It is then alleged that since the said 28th day of October, 1914, the defendant has refused to comply with that provision of the ordinance in the matter of providing the sale of coupon tickets entitling passengers to transportation to and from the city of Denver on the line of the Denver Tramway Company, as provided by the terms of the ordinance. The prayer was for injunction to compel the enforcement of the terms of the ordinance in the particular respect.

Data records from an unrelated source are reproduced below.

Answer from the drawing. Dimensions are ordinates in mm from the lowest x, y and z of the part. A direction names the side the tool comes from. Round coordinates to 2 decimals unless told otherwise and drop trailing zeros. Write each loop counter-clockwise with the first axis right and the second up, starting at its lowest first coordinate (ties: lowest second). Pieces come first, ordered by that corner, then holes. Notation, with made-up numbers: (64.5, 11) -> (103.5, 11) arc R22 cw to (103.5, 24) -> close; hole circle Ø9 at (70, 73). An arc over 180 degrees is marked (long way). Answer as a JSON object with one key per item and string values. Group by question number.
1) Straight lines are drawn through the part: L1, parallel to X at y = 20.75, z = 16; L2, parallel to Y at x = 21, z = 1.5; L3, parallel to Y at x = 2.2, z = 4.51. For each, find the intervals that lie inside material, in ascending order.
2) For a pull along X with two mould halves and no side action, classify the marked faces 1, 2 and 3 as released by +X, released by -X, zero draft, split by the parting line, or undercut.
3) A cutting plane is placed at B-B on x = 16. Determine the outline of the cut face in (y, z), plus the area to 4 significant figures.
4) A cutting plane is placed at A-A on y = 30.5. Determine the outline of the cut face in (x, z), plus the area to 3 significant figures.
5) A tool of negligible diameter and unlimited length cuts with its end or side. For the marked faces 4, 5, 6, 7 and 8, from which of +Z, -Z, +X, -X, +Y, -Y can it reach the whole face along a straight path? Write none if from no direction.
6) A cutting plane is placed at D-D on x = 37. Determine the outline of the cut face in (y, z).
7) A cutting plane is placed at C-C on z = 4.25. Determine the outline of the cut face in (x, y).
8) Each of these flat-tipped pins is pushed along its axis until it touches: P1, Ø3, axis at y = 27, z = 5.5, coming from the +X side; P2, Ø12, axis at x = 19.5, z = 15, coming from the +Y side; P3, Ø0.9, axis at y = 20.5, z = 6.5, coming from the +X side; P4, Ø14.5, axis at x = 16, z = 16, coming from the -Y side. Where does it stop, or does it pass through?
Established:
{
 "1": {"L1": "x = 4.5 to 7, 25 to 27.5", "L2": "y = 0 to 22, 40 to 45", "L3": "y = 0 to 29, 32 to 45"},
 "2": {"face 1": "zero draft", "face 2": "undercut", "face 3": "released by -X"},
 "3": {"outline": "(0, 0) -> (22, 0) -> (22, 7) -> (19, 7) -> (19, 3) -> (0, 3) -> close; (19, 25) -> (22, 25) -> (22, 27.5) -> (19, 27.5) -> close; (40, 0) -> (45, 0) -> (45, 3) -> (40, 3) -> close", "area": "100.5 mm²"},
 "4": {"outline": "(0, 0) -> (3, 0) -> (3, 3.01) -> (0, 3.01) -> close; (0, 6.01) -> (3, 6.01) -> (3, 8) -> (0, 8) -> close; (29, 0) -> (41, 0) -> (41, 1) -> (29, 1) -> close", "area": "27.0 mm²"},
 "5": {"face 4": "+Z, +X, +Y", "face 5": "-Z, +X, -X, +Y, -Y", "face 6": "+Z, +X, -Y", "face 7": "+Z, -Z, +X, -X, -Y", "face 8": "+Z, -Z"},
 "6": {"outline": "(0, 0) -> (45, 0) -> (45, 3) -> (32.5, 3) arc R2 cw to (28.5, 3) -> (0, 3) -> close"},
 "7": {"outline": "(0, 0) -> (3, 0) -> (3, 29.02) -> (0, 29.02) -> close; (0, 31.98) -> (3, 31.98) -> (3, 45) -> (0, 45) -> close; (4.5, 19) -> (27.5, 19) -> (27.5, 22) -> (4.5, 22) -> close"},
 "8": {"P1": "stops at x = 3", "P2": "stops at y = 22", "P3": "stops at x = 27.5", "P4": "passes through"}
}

The answer of the defendant company admits the ordinance and the terms thereof, and alleges that from the date of the passage of the ordinance up to October 28, 1914, the defendant had given and tendered to all persons seeking passage on its cars between the point complained of free service and transfers entitling passengers to passage between such points. The answer further alleges that the defendant has sought to make arrangements with the Den

ver Tramway Company for the transfer of passengers taking passage upon its lines between the points set out in the complaint, and that the only provision it has been able to make is that the Denver Tramway Company shall receive 5 cents from all passengers so transferred and transported. It is then alleged that the defendant is a public utility and subject to the provisions of the Public Utility Law, and further that, "pursuant to the provisions of law in such case made and provided, it did file with the Public Utilities Commission of the state of Colorado its schedule of rates, and that its schedule of rates so filed was not suspended by the said Public Utilities Commission herein upon its own motion or upon the complaint of others for a period of thirty days, and that thirty days expired from the time of the filing the same and from the 28th day of September, A. D. 1914, and until the 28th day of October, A. D. 1914, and thereupon and pursuant to law the said rates did on the 28th day of October, A. D. 1914, go in effect and become and are now established effective fares and charges, practices, rules, and regulations of this defendant company."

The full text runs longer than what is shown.